Would you transcribe the listing exactly as it stands, minus any images?

Start of Records for this task

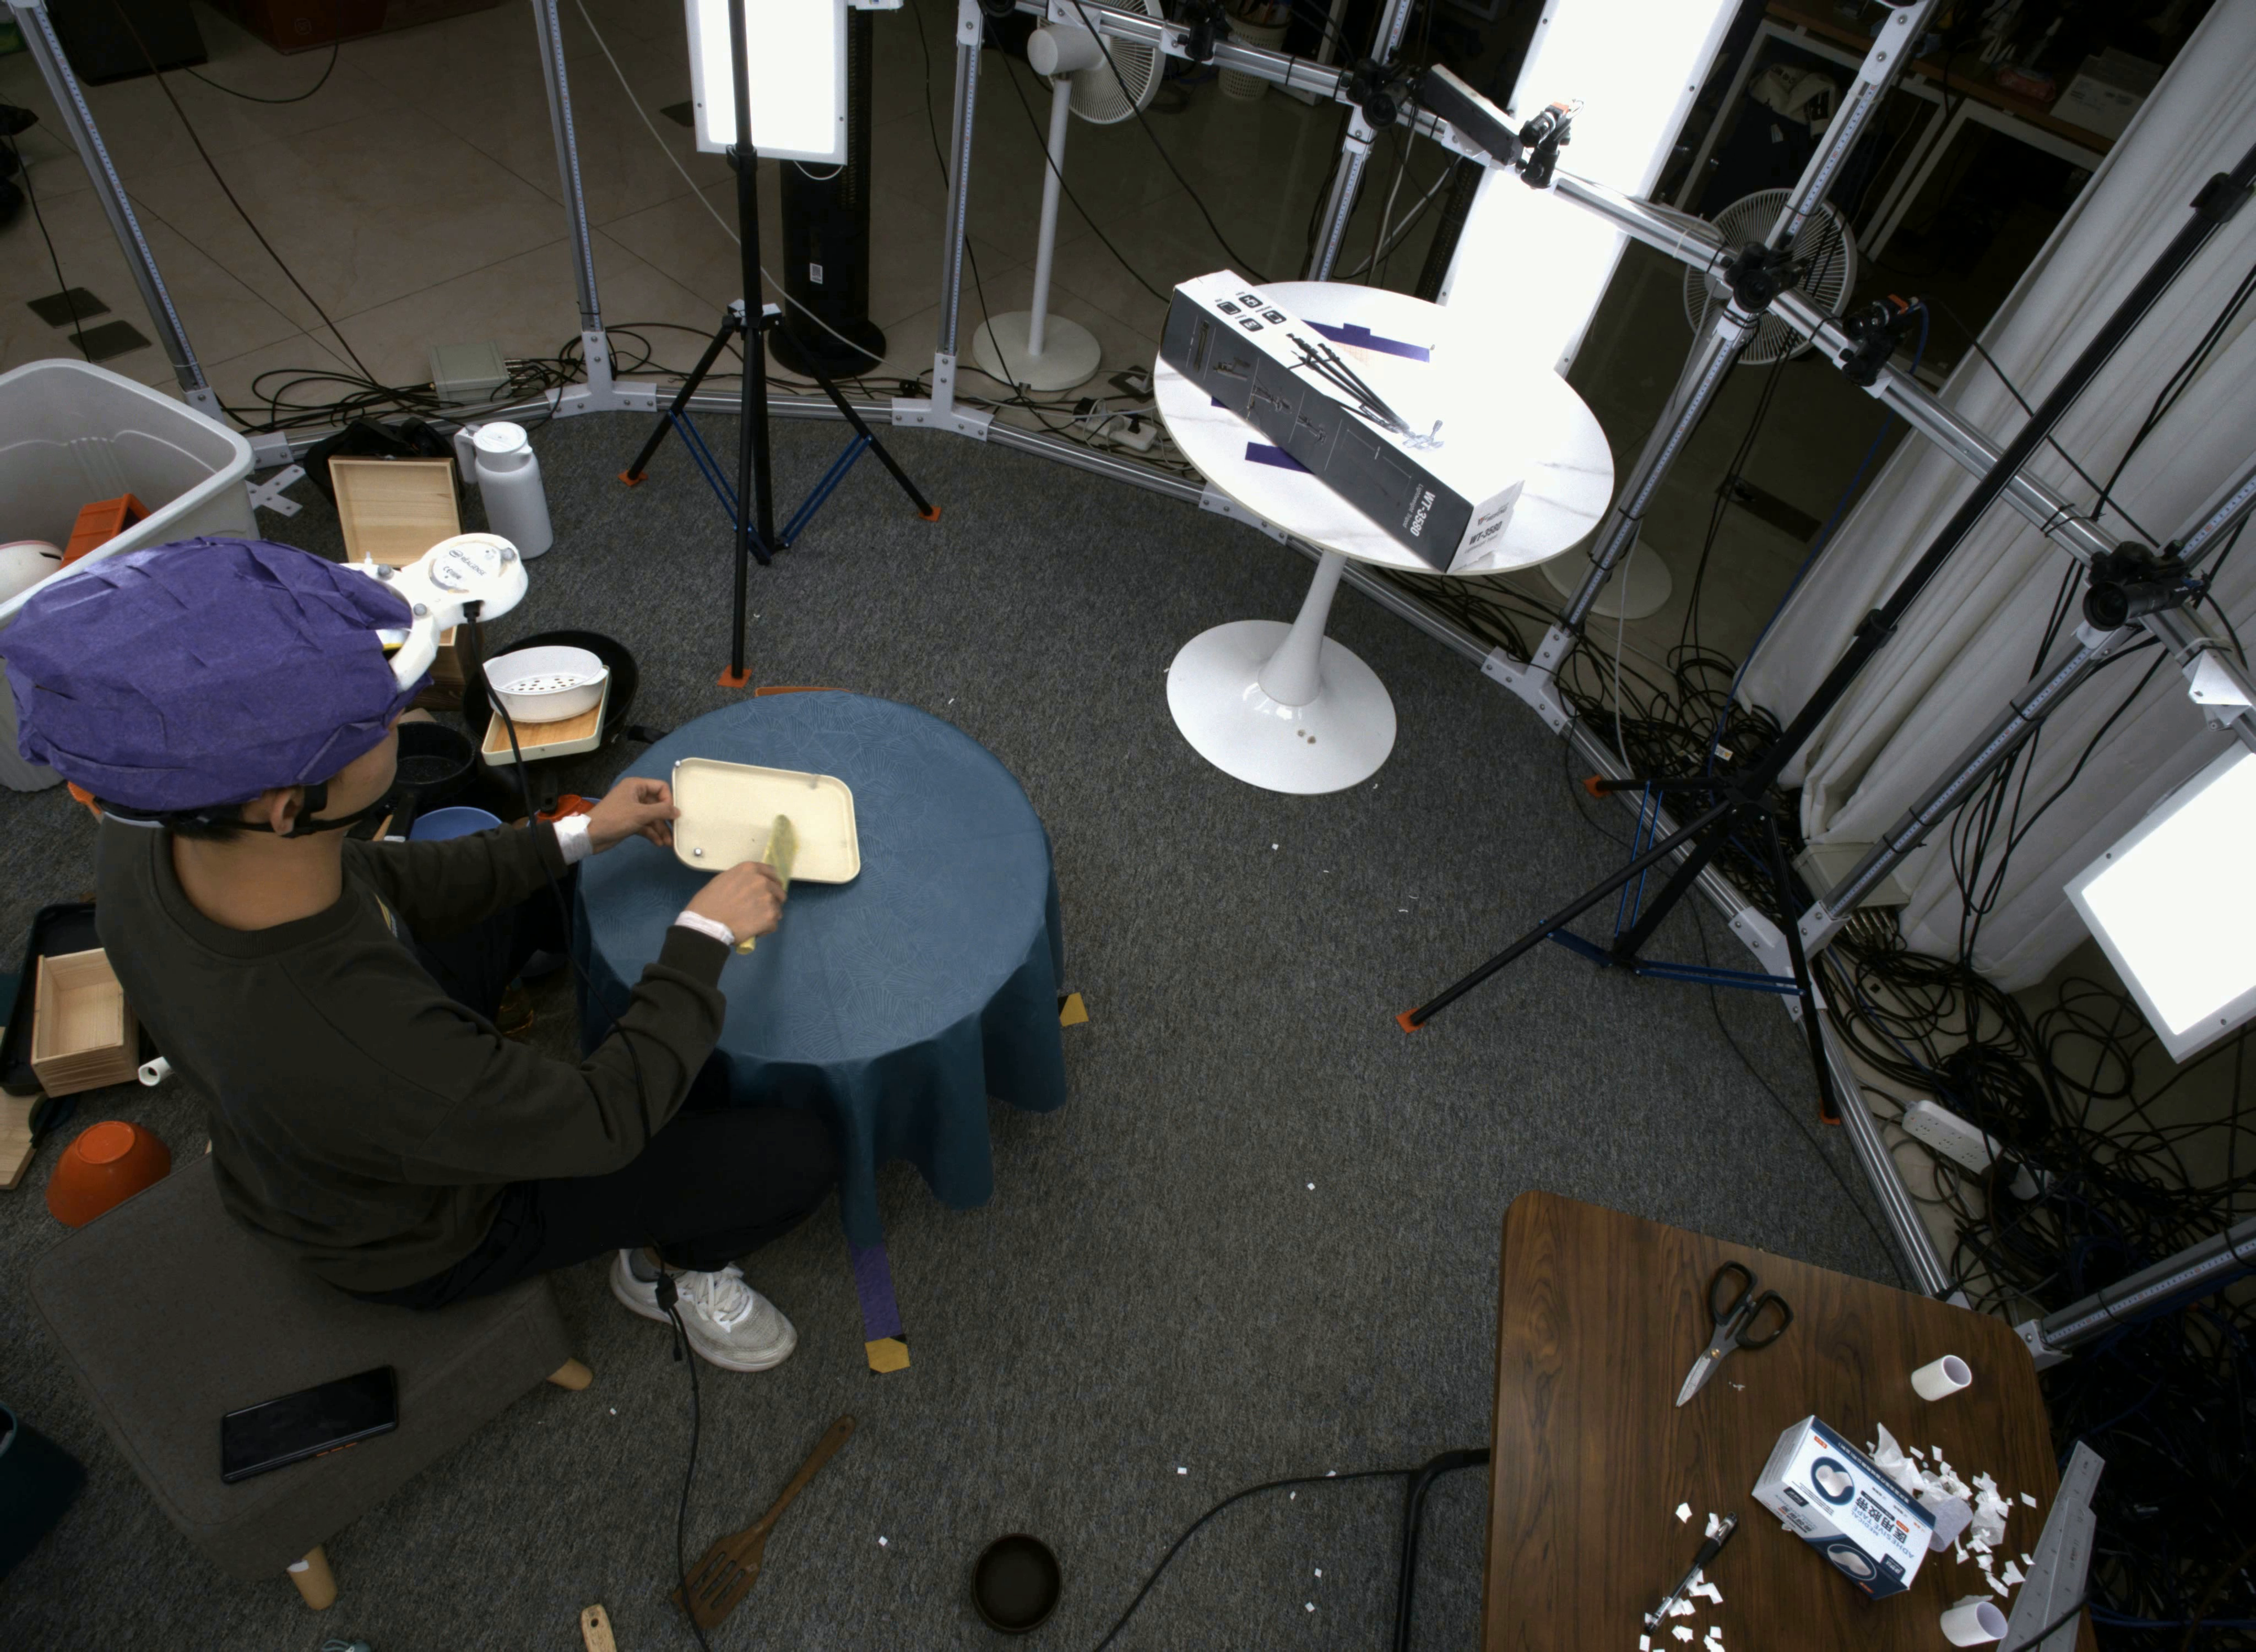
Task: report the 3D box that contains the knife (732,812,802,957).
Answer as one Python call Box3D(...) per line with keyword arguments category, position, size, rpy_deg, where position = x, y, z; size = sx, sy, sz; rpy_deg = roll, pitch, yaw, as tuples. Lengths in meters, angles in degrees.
Box3D(category="knife", position=(-0.426, 0.071, 1.554), size=(0.027, 0.084, 0.283), rpy_deg=(-9, 31, 6))

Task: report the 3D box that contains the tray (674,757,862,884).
Box3D(category="tray", position=(-0.466, -0.006, 1.672), size=(0.244, 0.017, 0.168), rpy_deg=(8, 54, -32))

End of Records for this task

# Written solution:
Task: report the 3D box that contains the knife (732,812,802,957).
Answer as one Python call Box3D(...) per line with keyword arguments category, position, size, rpy_deg, where position = x, y, z; size = sx, sy, sz; rpy_deg = roll, pitch, yaw, as tuples. Lengths in meters, angles in degrees.
Box3D(category="knife", position=(-0.426, 0.071, 1.554), size=(0.027, 0.084, 0.283), rpy_deg=(-9, 31, 6))

Task: report the 3D box that contains the tray (674,757,862,884).
Box3D(category="tray", position=(-0.466, -0.006, 1.672), size=(0.244, 0.017, 0.168), rpy_deg=(8, 54, -32))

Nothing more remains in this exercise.